27. **Integration tests skip silently when `TEST_DATABASE_URL` is not set.** Each test starts with `if !require_test_db() { return; }`. This means CI must explicitly set the env var, and a misconfigured CI pipeline would report all tests as passing. Consider using `#[cfg(feature = "integration")]` or a custom test harness to make the requirement explicit.

28. **No concurrent/stress tests for rate limiters.** The `RateLimiter` and `ProviderRateLimiter` are tested for correctness but not for thread safety under contention. Given they use `DashMap` for lock-free access, a multi-threaded stress test would increase confidence.
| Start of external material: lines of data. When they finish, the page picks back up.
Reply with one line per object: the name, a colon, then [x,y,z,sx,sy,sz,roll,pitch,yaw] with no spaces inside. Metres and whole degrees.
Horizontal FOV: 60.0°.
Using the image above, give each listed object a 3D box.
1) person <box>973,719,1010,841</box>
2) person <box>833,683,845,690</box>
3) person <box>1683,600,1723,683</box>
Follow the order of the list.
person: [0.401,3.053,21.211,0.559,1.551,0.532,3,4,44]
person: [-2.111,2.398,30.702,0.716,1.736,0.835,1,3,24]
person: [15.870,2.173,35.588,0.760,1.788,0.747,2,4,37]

29. **Missing negative tests for `create_provider` with empty API key.** The factory tests check unknown providers but not empty or whitespace-only API keys.

---

## Prioritized Recommendations

### High Priority (correctness/safety)

| # | Finding | File | Fix |
|---|---------|------|-----|
| 4 | `msg[..200]` panics on multi-byte UTF-8 | `synthesis.rs:1313` | Use `msg.chars().take(200)` or `char_indices()` |
| 10 | Spawned generation task swallows panics | `generation.rs:73-75` | Wrap in double-spawn or catch `JoinError` |
| 25 | Missing SSRF check on initial source page fetch | `source_scraper.rs:41` | Call `check_ssrf` before `http_client.get()` |

### Medium Priority (performance/maintainability)
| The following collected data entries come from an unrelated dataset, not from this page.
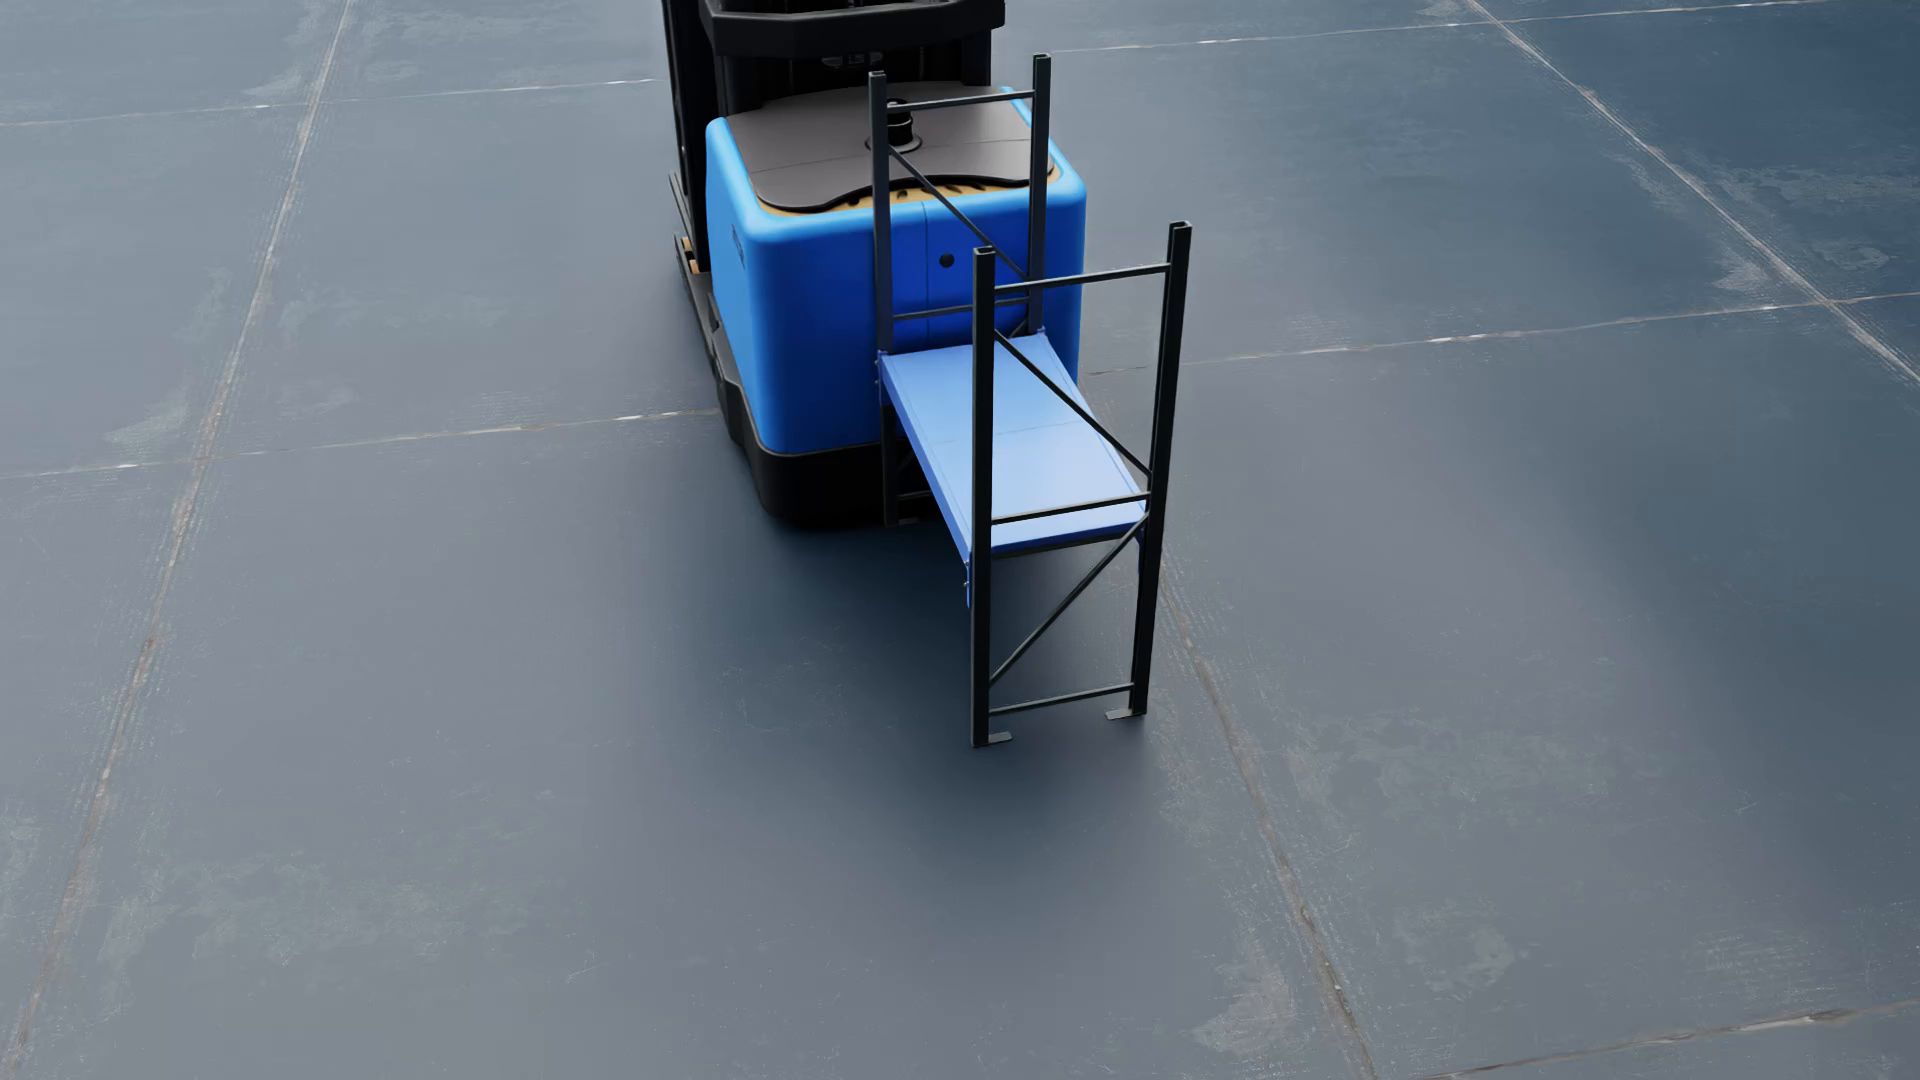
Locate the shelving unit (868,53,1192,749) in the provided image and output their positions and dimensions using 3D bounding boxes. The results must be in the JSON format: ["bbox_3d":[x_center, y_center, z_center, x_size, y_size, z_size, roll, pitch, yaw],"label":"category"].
[{"bbox_3d":[0.137,-0.376,4.511,0.538,1.500,1.048,-10,39,-12],"label":"shelving unit"}]

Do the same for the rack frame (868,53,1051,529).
[{"bbox_3d":[0.002,-0.676,4.898,0.500,1.500,0.032,-10,39,-12],"label":"rack frame"}]

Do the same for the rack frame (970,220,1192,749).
[{"bbox_3d":[0.273,-0.075,4.125,0.500,1.500,0.032,-10,39,-12],"label":"rack frame"}]

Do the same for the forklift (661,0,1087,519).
[{"bbox_3d":[-0.496,-2.132,5.605,1.130,2.935,3.031,-10,39,-12],"label":"forklift"}]

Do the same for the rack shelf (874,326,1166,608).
[{"bbox_3d":[0.137,-0.234,4.622,0.538,0.185,1.000,-10,39,-12],"label":"rack shelf"}]

| # | Finding | File | Fix |
|---|---------|------|-----|
| 1 | `AppConfig` cloned with secrets | `config.rs`, `main.rs:59` | Wrap in `Arc<AppConfig>` |
| 3 | Excessive cloning in synthesis pipeline | `synthesis.rs` (59 clones) | Use `Arc<str>`, `Arc<Value>`, `Arc<Vec<String>>` for shared immutables |
| 7 | N+1 individual INSERTs for article history | `article_history.rs:78-87` | Use batch INSERT or `UNNEST` |
| 19 | `Selector::parse` called per-invocation | `scraper.rs` | Use `LazyLock` for static selectors |
| 26 | No tests for generation pipeline | `synthesis.rs` | Introduce trait-based mocks for scraper/LLM/DB |

### Low Priority (code quality/future-proofing)
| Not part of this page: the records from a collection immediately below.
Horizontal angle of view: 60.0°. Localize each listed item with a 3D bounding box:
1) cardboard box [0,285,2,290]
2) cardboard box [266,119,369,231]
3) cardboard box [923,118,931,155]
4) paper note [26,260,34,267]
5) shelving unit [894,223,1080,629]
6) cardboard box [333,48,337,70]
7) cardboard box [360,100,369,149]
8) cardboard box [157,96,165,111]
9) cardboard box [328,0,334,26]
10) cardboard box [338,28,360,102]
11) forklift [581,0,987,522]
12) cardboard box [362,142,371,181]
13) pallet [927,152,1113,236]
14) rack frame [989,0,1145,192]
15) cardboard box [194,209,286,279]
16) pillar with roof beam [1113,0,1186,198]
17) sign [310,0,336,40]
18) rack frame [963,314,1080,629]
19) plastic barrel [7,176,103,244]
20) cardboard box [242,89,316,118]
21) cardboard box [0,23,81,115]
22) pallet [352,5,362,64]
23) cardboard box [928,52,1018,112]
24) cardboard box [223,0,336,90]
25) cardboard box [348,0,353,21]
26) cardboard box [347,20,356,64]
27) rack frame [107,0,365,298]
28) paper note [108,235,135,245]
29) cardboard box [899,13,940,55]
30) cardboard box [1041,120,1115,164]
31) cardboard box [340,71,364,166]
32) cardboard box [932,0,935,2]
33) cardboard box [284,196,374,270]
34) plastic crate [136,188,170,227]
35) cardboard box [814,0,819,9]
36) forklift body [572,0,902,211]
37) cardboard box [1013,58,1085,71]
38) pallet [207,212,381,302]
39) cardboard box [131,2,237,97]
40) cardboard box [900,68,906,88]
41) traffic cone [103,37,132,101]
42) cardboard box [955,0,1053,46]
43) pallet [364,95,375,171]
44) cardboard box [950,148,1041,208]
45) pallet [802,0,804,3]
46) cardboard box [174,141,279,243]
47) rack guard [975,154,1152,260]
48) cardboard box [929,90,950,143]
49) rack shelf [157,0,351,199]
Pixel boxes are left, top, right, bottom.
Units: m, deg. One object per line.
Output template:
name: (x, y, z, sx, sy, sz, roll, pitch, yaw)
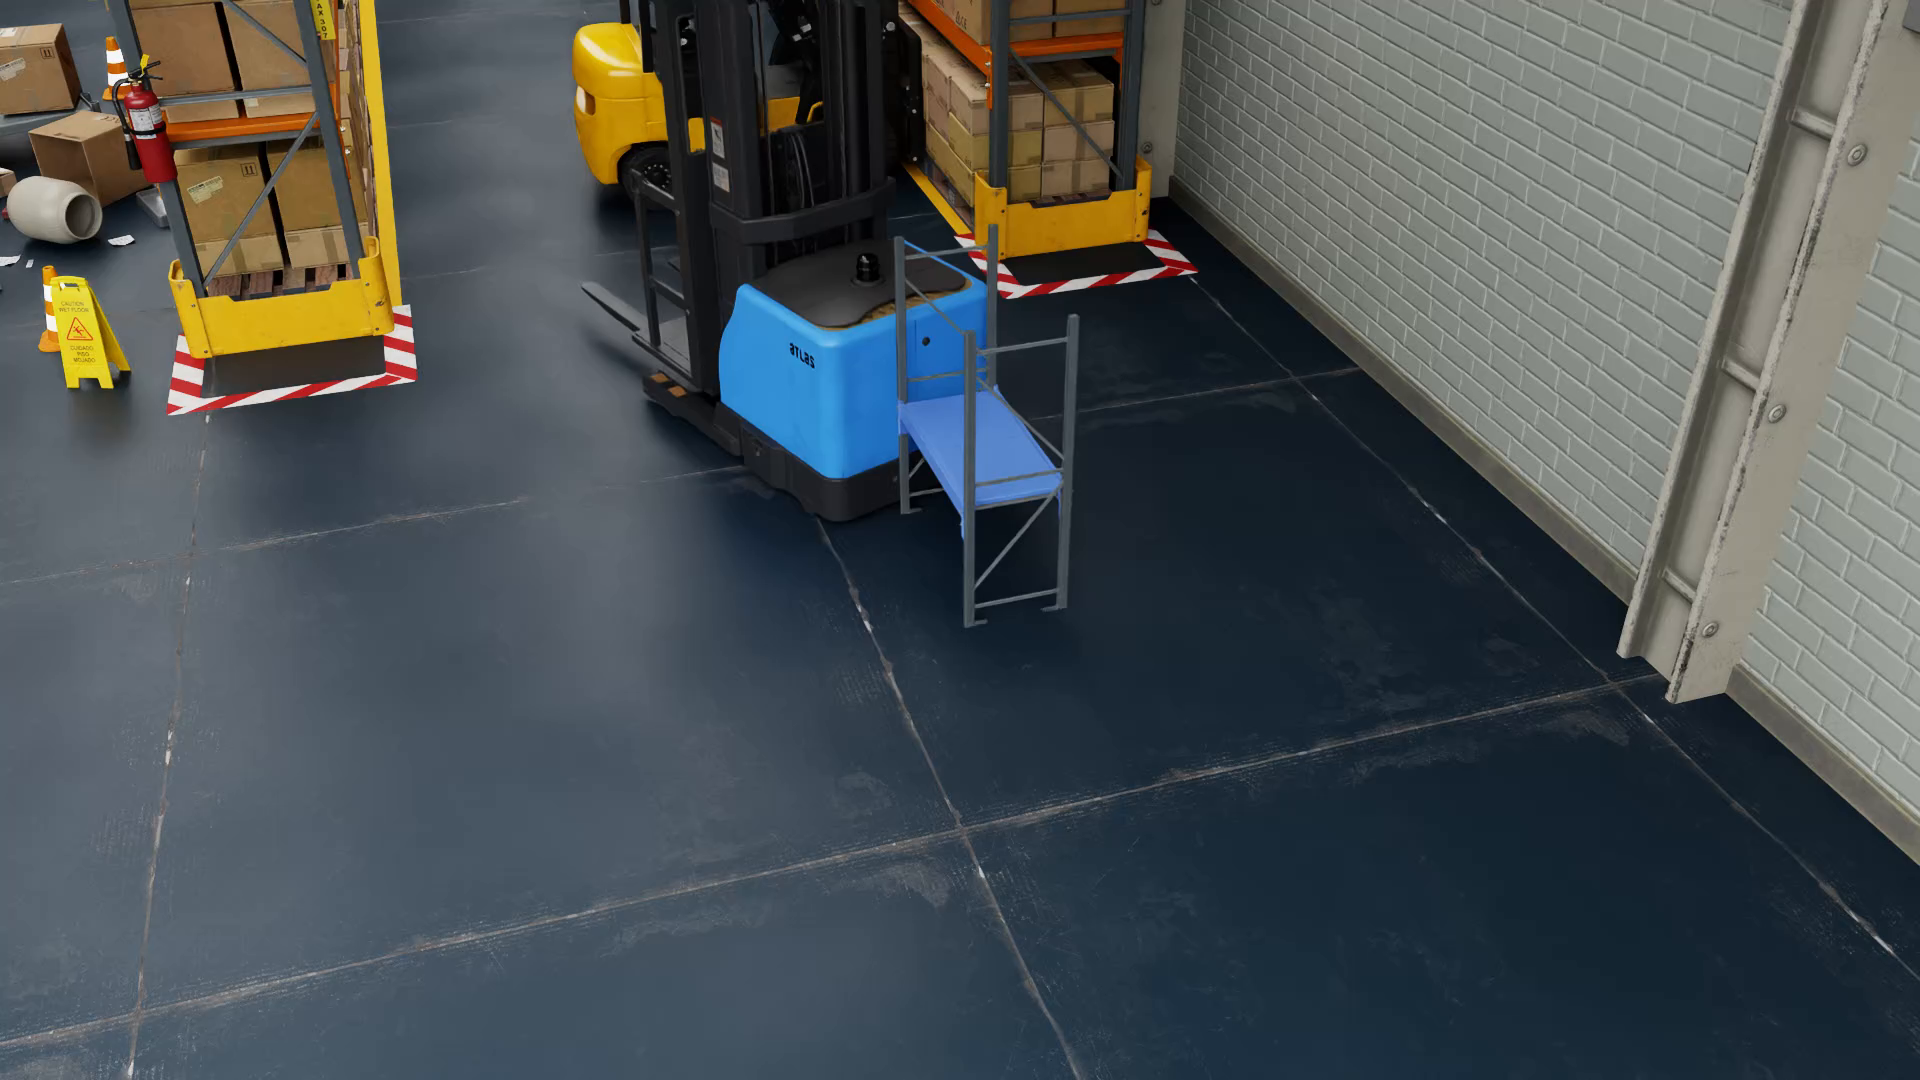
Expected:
cardboard box: (-6.365, -1.628, 10.578, 0.380, 0.149, 0.250, 7, 34, 10)
cardboard box: (-4.032, -2.292, 10.431, 0.500, 0.500, 0.500, -11, 35, -16)
cardboard box: (-0.046, -3.054, 12.264, 0.500, 0.250, 0.500, -10, 35, -14)
paper note: (-6.160, -1.832, 11.013, 0.032, 0.001, 0.123, -10, 35, -15)
shelving unit: (0.098, -0.536, 7.701, 0.538, 1.500, 1.048, -10, 35, -15)
cardboard box: (-4.076, -3.002, 10.299, 0.380, 0.149, 0.250, -9, 35, -14)
cardboard box: (-4.653, -3.054, 12.264, 0.500, 0.250, 0.500, -11, 35, -16)
cardboard box: (-4.542, -2.639, 9.751, 0.380, 0.149, 0.250, -10, 35, -15)
cardboard box: (-4.240, -3.469, 10.418, 0.500, 0.500, 0.500, -11, 35, -16)
cardboard box: (-4.669, -3.378, 12.074, 0.500, 0.500, 0.500, -9, 35, -14)
forklift: (-1.139, -2.065, 8.717, 1.130, 2.935, 3.031, -23, 40, -31)
cardboard box: (-4.351, -2.521, 11.457, 0.500, 0.250, 0.500, -8, 34, -12)
pallet: (0.411, -2.537, 11.898, 1.003, 0.211, 1.213, -10, 35, -15)
rack frame: (0.684, -3.306, 10.532, 1.000, 3.000, 0.127, -10, 35, -15)
cardboard box: (-4.552, -1.889, 10.501, 0.500, 0.250, 0.500, -10, 35, -15)
pillar with roof beam: (-2.769, -5.602, 8.565, 9.100, 9.000, 0.400, -10, 35, -15)
sign: (-3.525, -2.922, 9.165, 0.100, 0.325, 0.005, -10, 35, -15)
rack frame: (0.258, -0.270, 7.299, 0.500, 1.500, 0.032, -10, 35, -15)
plastic barrel: (-6.113, -2.224, 11.232, 0.512, 0.421, 0.421, 13, 36, 18)
cardboard box: (-3.948, -2.577, 9.658, 0.380, 0.149, 0.250, -10, 35, -15)
cardboard box: (-6.948, -3.527, 12.447, 0.500, 0.500, 0.500, -10, 35, -15)
pallet: (-5.876, -4.456, 14.802, 1.003, 0.211, 1.213, -10, 35, -15)
cardboard box: (0.086, -3.207, 11.589, 0.500, 0.250, 0.500, -9, 35, -14)
cardboard box: (-3.922, -2.930, 9.603, 0.500, 0.500, 0.500, -11, 35, -15)
cardboard box: (-5.860, -4.665, 14.591, 0.950, 0.372, 0.625, -9, 34, -13)
cardboard box: (-5.424, -3.923, 13.469, 0.950, 0.372, 0.625, -10, 35, -14)
rack frame: (-4.042, -2.469, 9.266, 1.000, 3.000, 0.127, -10, 35, -15)
paper note: (-5.705, -2.043, 11.314, 0.142, 0.019, 0.148, -23, 40, -31)
cardboard box: (-0.225, -3.738, 12.392, 0.500, 0.250, 0.500, -11, 35, -16)
cardboard box: (0.739, -2.824, 11.463, 0.500, 0.250, 0.500, -9, 35, -14)
cardboard box: (-4.341, -2.831, 11.246, 0.500, 0.500, 0.500, -9, 35, -14)
cardboard box: (-0.022, -4.105, 11.650, 0.500, 0.500, 0.500, -11, 35, -16)
cardboard box: (-4.024, -1.967, 10.619, 0.500, 0.250, 0.500, -10, 35, -15)
plastic crate: (-5.564, -2.389, 11.793, 0.402, 0.080, 0.583, -23, 40, -31)
cardboard box: (-0.935, -5.271, 15.279, 0.875, 0.625, 0.625, -10, 35, -15)
forklift body: (-1.631, -3.640, 11.808, 2.313, 2.155, 1.214, -10, 35, -15)
cardboard box: (0.562, -3.297, 11.725, 0.500, 0.250, 0.500, -10, 35, -15)
pallet: (-4.279, -1.778, 10.749, 1.003, 0.211, 1.213, -10, 35, -15)
cardboard box: (-4.469, -2.874, 9.517, 0.500, 0.500, 0.500, -11, 35, -16)
cardboard box: (-0.231, -3.541, 12.548, 0.500, 0.250, 0.500, -10, 35, -15)
traffic cone: (-6.973, -3.926, 13.772, 0.336, 0.463, 0.334, -10, 35, -15)
cardboard box: (0.284, -3.562, 10.829, 0.500, 0.500, 0.500, -11, 35, -16)
pallet: (-5.023, -3.059, 12.688, 1.003, 0.211, 1.213, -10, 35, -15)
cardboard box: (0.240, -2.527, 11.467, 0.500, 0.250, 0.500, -10, 35, -14)
pallet: (-1.173, -5.264, 16.025, 1.003, 0.211, 1.213, -10, 35, -15)
cardboard box: (-4.534, -2.187, 10.271, 0.500, 0.500, 0.500, -10, 35, -14)
rack guard: (0.692, -2.250, 11.202, 1.175, 0.500, 0.348, -10, 35, -15)
cardboard box: (0.096, -3.010, 11.745, 0.500, 0.250, 0.500, -10, 35, -15)
rack shelf: (-4.652, -3.219, 11.053, 1.077, 0.370, 4.000, -10, 35, -15)

| # | Finding | File | Fix |
|---|---------|------|-----|
| 2 | `format!` allocation on every cookie segment | `middleware/auth.rs:40-41` | Pre-compute prefix string |
| 9 | TOCTOU race in `JobStore::create_job` | `synthesis.rs:108-145` | Use DashMap entry API for atomic check-and-insert |
| 12 | UUID parameters lack type distinction | Throughout | Introduce newtype wrappers |
| 13 | Provider names are bare strings | Throughout | Use `ProviderName` enum |
| 14 | `i32` to `u32` cast without validation | `rate_limiter.rs:188` | Use `TryFrom` or add DB constraint |
| 16 | Repeated `format!("category_{}", i)` | `synthesis.rs` | Pre-compute category keys |
| 24 | No length validation on LLM prompt inputs | Settings/synthesis | Cap `theme` and category name lengths |

### Code Duplication Worth Addressing

The **classify/summarize batch processing** logic appears twice in `synthesis.rs`: once for Phase 1 (personalized sources, lines ~458-541) and once for Phase 2 Brave search path (lines ~667-749). These are nearly identical blocks of ~80 lines each. Extracting a shared function like `classify_batch(articles, provider, model, categories, ...)` would significantly reduce the maintenance burden and risk of the two paths diverging.

---

## Appendix: Dependency Assessment

| Crate | Version | Assessment |
|-------|---------|------------|
| `axum` | 0.8 | Current, well-maintained |
| `sqlx` | 0.8 | Current, runtime-checked queries are a deliberate choice |
| `tokio` | 1 | Standard async runtime, full features enabled |
| `reqwest` | 0.12 | Current |
| `aes-gcm` | 0.10 | Current, correct choice for authenticated encryption |
| `zeroize` | 1 | Correctly applied to `MasterKey` |
| `dashmap` | 6 | Good choice for concurrent maps, correctly used |
| `async-trait` | 0.1 | Could be replaced by native async traits (Rust 1.75+) |
| `anyhow` + `thiserror` | 1 + 2 | Standard error handling combo, correctly used |
| `scraper` | 0.22 | HTML parsing, adequate for the use case |
| `rand` | 0.8 | Note: 0.9 is available, but 0.8 is still widely used |

No unnecessary or abandoned dependencies were identified. The dependency set is lean and focused.